#### Given data ####
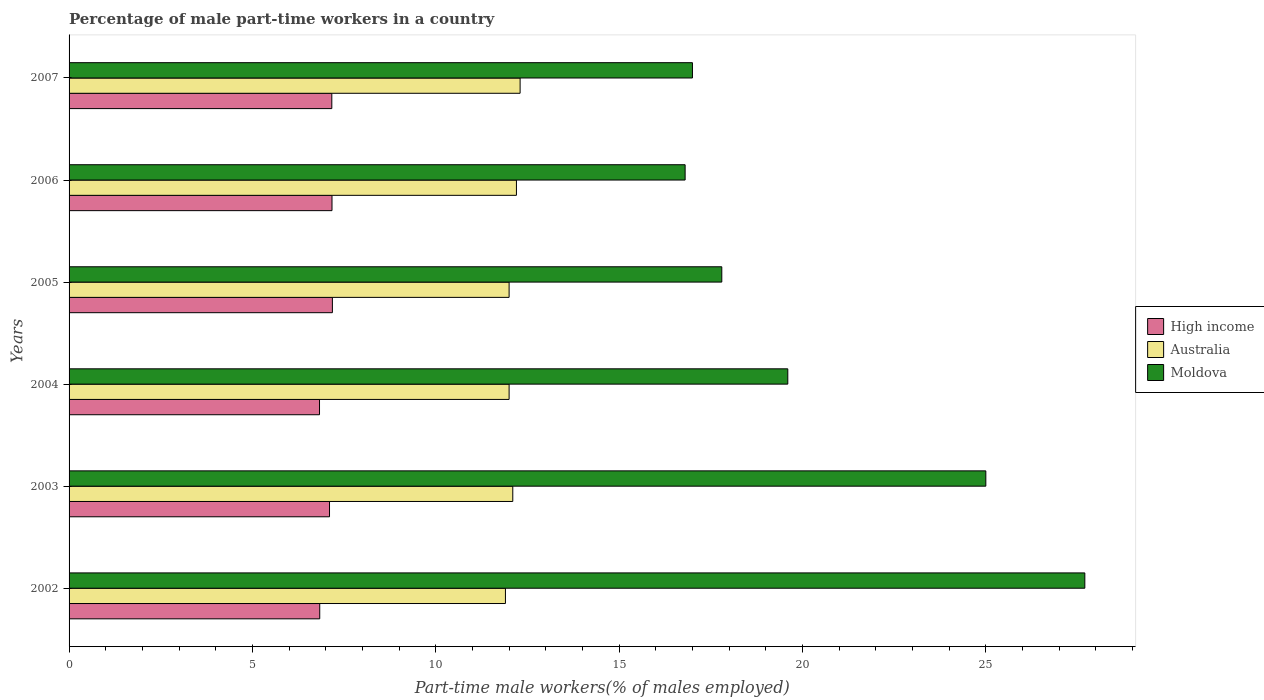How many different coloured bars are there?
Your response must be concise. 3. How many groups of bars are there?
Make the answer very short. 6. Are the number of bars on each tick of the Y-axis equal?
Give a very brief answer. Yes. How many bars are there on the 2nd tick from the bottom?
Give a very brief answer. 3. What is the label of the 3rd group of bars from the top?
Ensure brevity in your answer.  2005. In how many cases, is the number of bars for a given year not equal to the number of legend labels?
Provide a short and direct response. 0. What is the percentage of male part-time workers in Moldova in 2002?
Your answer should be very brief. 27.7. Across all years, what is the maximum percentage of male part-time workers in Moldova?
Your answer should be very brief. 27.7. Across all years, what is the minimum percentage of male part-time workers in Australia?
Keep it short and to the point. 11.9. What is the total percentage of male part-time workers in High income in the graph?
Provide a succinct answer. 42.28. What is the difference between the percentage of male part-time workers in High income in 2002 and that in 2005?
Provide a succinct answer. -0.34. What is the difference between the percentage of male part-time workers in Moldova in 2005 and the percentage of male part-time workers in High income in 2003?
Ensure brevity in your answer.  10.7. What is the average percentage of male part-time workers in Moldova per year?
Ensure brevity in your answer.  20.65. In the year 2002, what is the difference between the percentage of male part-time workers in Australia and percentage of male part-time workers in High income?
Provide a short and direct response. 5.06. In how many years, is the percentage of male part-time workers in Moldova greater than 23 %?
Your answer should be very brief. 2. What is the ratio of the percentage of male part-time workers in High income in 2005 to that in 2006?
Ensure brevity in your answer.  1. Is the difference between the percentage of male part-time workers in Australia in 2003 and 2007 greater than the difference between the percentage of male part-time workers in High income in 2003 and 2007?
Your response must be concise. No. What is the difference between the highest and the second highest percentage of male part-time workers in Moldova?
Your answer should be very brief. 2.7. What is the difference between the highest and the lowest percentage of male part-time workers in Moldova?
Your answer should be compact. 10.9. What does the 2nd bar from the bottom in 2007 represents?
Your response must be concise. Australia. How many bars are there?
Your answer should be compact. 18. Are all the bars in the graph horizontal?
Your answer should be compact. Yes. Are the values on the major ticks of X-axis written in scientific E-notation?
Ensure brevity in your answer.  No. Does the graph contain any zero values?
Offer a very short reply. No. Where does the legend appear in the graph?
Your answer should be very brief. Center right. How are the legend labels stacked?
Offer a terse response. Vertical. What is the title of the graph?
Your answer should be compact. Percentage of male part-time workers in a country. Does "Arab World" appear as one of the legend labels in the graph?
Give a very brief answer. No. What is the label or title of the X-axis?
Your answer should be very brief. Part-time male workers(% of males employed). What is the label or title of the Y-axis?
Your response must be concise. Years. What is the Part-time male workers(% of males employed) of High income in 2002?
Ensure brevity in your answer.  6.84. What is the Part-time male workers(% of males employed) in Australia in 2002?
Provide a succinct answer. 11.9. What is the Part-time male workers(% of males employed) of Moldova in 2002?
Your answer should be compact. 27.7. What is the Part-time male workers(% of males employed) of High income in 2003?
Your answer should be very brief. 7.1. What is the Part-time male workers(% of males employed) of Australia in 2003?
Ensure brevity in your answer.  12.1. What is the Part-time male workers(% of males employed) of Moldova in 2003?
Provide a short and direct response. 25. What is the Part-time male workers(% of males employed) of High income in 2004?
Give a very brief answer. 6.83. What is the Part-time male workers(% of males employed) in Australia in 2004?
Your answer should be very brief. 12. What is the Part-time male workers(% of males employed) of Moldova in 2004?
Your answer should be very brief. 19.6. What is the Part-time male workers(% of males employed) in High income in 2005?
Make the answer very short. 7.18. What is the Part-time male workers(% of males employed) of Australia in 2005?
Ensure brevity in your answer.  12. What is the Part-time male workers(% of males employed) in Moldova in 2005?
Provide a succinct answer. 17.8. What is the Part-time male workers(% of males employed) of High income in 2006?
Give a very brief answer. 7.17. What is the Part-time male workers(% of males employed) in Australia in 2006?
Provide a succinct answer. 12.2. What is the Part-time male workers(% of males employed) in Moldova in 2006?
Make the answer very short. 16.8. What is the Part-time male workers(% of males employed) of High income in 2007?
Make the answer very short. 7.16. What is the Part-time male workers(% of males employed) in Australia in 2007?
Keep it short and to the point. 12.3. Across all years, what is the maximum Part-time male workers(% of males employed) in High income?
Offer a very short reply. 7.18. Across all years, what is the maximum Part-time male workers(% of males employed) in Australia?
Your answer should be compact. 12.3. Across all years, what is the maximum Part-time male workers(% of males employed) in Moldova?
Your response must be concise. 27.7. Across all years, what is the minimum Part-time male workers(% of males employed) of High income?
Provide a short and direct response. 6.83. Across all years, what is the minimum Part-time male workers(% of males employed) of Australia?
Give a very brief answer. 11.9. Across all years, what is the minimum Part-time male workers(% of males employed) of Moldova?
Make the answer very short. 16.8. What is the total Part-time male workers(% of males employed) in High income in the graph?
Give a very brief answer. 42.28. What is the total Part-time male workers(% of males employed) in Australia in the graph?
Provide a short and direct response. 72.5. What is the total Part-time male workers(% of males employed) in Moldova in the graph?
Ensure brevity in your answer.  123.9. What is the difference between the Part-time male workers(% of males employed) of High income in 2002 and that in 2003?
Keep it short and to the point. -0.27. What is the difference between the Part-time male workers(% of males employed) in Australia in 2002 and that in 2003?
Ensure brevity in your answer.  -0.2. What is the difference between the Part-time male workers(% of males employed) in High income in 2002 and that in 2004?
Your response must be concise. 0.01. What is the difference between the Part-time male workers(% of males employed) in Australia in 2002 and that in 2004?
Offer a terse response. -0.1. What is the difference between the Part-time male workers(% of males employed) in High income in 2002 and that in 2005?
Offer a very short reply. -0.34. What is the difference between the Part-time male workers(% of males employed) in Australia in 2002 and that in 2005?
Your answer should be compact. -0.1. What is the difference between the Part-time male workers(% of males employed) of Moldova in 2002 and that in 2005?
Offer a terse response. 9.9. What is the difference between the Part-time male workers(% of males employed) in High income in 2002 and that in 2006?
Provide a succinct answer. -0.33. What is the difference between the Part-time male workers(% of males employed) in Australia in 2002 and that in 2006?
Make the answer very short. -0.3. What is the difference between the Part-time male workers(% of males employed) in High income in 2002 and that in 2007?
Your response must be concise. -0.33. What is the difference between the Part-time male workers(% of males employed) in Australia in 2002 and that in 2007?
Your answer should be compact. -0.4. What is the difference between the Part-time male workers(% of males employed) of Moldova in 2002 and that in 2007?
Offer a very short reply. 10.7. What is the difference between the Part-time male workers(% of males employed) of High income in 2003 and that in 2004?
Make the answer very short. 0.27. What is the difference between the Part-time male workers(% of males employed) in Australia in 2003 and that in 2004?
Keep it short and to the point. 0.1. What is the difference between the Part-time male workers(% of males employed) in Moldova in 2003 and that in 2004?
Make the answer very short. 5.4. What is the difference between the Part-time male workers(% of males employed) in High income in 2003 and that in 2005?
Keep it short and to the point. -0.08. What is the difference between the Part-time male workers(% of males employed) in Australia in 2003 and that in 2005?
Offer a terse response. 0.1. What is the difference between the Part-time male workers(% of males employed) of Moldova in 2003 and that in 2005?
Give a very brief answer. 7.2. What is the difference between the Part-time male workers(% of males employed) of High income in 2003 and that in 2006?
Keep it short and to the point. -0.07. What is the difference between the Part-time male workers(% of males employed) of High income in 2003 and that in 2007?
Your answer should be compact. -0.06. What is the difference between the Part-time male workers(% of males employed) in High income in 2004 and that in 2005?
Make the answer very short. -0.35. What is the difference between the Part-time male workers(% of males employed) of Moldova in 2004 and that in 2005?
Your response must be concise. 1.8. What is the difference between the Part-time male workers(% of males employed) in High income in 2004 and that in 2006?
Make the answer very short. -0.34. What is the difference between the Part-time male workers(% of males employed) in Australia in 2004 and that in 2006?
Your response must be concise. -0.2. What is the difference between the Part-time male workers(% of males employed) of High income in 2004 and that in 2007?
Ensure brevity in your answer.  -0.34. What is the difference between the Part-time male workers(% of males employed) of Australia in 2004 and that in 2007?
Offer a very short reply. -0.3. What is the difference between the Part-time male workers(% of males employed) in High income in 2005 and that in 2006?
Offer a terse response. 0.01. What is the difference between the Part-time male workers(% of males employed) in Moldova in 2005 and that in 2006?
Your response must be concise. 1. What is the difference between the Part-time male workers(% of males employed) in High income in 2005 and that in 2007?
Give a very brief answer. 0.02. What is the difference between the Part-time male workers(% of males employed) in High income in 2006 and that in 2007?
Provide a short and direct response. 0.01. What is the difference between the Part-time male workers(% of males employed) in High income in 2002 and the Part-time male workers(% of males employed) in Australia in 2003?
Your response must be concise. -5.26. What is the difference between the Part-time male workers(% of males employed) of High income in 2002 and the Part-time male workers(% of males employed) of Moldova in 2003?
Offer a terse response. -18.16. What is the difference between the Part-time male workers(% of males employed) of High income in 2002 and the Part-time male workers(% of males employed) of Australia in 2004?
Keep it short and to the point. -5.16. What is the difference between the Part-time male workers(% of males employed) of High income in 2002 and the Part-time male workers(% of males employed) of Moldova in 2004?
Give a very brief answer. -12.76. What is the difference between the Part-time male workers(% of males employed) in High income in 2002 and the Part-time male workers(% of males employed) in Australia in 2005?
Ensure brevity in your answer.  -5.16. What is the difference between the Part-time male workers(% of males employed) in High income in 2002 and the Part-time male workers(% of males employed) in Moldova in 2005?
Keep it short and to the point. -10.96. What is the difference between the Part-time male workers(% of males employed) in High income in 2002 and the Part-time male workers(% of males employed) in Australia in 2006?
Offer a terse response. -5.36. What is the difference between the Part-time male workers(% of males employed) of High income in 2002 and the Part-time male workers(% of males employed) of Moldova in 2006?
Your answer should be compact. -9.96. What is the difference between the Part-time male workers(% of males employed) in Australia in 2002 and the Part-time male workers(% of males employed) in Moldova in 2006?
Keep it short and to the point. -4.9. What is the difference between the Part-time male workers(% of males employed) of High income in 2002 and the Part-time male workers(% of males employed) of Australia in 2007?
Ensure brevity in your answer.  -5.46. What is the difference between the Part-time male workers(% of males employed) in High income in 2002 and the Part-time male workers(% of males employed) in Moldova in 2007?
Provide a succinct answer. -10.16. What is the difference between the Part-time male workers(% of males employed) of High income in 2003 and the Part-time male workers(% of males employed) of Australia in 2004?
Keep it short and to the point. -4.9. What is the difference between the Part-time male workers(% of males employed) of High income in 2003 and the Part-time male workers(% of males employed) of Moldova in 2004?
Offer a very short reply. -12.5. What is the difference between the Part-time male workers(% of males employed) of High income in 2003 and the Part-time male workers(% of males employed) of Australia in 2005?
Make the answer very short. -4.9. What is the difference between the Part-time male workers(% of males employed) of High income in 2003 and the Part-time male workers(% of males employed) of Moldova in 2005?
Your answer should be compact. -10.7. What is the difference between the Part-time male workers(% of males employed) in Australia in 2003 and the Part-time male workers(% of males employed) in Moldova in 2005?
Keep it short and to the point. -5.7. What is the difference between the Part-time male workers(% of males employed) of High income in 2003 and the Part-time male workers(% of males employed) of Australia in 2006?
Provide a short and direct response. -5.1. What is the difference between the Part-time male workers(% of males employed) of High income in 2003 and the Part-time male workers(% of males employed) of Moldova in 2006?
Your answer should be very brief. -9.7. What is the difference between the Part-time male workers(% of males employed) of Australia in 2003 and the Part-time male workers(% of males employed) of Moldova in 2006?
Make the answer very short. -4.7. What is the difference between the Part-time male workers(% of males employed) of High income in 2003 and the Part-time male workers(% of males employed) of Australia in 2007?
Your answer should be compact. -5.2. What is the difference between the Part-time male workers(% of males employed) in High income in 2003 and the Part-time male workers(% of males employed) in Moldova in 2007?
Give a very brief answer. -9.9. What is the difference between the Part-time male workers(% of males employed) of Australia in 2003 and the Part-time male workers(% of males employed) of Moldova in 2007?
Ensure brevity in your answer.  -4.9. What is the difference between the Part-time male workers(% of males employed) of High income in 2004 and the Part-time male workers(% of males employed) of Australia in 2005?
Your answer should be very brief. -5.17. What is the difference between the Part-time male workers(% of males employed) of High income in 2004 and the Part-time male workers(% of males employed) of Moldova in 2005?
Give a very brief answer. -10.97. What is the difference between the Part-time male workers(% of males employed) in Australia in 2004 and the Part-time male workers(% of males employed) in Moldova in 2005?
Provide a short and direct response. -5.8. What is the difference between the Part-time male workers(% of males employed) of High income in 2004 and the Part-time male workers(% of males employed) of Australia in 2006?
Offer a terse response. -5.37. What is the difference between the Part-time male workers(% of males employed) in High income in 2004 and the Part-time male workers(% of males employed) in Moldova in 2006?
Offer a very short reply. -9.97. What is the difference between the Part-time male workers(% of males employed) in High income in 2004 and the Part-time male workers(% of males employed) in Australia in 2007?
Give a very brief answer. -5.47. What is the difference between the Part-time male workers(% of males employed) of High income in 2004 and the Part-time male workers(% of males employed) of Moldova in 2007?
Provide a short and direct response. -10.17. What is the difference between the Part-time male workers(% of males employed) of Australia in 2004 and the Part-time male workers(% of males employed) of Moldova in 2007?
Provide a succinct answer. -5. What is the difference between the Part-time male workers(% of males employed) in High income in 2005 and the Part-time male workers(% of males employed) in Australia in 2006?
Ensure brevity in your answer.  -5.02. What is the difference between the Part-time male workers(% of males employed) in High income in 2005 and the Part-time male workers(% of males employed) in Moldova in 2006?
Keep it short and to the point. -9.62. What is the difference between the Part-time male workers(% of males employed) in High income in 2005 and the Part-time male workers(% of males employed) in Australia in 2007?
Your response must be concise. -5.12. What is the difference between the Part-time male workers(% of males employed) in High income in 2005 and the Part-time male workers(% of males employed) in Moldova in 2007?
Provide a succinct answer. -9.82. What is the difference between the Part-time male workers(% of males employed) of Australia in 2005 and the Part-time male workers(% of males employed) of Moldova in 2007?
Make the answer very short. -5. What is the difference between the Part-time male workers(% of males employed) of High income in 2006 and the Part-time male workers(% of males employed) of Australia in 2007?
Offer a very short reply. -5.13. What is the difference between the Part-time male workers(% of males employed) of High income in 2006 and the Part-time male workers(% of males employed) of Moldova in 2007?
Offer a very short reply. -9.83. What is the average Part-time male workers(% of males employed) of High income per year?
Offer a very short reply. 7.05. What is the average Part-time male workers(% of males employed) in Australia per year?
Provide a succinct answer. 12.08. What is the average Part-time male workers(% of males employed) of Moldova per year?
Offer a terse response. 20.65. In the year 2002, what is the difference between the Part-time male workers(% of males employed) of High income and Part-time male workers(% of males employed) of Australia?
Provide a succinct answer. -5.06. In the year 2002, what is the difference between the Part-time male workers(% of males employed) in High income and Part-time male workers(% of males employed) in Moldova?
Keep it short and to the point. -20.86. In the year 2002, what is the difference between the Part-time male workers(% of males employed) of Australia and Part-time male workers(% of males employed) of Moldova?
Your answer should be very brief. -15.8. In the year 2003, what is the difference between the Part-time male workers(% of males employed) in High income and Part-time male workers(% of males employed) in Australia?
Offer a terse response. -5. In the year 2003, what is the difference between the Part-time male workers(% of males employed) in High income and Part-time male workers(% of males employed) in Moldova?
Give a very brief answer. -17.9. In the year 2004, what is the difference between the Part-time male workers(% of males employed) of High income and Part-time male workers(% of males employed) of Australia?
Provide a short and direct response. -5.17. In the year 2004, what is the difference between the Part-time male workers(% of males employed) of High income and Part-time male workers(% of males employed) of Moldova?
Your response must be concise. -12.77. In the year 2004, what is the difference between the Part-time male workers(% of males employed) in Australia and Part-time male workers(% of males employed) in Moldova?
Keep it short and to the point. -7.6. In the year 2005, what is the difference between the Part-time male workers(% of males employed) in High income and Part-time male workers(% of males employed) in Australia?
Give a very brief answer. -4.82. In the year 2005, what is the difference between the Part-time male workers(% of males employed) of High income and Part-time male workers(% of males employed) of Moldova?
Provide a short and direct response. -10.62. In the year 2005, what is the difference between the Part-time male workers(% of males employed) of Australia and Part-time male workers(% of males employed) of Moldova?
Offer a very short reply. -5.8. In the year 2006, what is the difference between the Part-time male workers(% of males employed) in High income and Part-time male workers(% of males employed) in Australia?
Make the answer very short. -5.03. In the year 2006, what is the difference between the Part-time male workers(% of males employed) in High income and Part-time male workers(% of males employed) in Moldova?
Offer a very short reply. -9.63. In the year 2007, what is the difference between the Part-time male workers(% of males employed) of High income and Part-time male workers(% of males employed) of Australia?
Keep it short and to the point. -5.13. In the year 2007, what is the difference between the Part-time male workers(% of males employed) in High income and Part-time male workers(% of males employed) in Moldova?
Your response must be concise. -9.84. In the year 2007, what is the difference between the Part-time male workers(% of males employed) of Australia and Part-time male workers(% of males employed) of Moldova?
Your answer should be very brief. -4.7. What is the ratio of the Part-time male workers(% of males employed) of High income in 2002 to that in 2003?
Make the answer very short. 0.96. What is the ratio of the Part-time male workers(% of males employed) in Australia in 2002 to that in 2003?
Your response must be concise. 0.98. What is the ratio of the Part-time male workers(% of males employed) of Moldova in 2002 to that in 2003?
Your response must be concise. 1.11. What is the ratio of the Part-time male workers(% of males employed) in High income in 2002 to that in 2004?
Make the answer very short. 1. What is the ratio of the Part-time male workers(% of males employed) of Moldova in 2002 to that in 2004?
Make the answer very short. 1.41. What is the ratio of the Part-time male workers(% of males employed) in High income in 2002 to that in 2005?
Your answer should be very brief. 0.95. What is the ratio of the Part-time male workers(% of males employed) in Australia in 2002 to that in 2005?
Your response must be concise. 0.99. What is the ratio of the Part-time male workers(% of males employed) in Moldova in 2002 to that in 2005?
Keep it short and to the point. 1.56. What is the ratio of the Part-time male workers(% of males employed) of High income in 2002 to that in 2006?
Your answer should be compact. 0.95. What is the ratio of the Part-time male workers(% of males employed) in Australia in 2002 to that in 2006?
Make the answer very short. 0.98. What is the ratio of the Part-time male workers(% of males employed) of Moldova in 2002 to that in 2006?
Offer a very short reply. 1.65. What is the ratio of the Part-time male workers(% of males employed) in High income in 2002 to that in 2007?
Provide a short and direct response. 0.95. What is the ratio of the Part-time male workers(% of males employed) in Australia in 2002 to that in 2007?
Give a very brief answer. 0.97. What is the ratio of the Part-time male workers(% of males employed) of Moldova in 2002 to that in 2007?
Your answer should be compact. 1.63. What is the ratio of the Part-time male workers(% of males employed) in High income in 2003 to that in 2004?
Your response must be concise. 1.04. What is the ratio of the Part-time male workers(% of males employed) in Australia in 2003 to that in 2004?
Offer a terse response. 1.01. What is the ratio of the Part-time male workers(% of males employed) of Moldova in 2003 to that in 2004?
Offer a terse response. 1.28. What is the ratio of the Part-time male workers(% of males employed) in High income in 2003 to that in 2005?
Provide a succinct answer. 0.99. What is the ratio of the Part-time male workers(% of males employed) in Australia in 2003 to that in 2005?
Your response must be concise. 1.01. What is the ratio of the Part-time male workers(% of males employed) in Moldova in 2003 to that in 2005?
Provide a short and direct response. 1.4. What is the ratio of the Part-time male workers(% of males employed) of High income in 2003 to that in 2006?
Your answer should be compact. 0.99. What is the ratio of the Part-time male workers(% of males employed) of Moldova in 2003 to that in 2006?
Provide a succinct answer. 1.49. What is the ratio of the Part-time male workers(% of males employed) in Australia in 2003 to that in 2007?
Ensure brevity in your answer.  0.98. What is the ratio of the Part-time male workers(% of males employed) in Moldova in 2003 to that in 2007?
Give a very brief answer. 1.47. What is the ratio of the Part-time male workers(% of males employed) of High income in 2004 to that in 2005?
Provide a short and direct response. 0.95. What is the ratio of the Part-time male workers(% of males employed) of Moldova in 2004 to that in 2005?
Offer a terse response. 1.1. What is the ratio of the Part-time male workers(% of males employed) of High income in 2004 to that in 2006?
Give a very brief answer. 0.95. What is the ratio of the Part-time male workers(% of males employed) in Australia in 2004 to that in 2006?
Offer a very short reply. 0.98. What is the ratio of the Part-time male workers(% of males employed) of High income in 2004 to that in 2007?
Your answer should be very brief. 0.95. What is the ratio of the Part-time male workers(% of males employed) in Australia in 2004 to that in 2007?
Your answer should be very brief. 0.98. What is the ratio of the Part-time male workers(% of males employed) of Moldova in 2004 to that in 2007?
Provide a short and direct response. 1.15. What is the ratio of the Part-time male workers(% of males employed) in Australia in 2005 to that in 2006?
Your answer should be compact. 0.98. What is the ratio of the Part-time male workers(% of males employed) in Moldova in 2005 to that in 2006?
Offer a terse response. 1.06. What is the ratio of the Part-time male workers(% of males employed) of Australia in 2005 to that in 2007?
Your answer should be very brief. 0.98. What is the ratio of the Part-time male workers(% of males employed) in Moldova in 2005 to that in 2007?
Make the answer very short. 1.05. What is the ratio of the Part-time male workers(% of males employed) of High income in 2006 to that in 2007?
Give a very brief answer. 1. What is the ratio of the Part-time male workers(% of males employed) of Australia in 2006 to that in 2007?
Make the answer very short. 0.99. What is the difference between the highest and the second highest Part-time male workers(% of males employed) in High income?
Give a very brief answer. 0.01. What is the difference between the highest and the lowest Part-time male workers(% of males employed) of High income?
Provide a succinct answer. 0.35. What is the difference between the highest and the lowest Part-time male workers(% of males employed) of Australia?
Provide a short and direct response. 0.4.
####
What is needed => Work through the data and count each line holding the string "legend". Give only that count.

Answer section => 4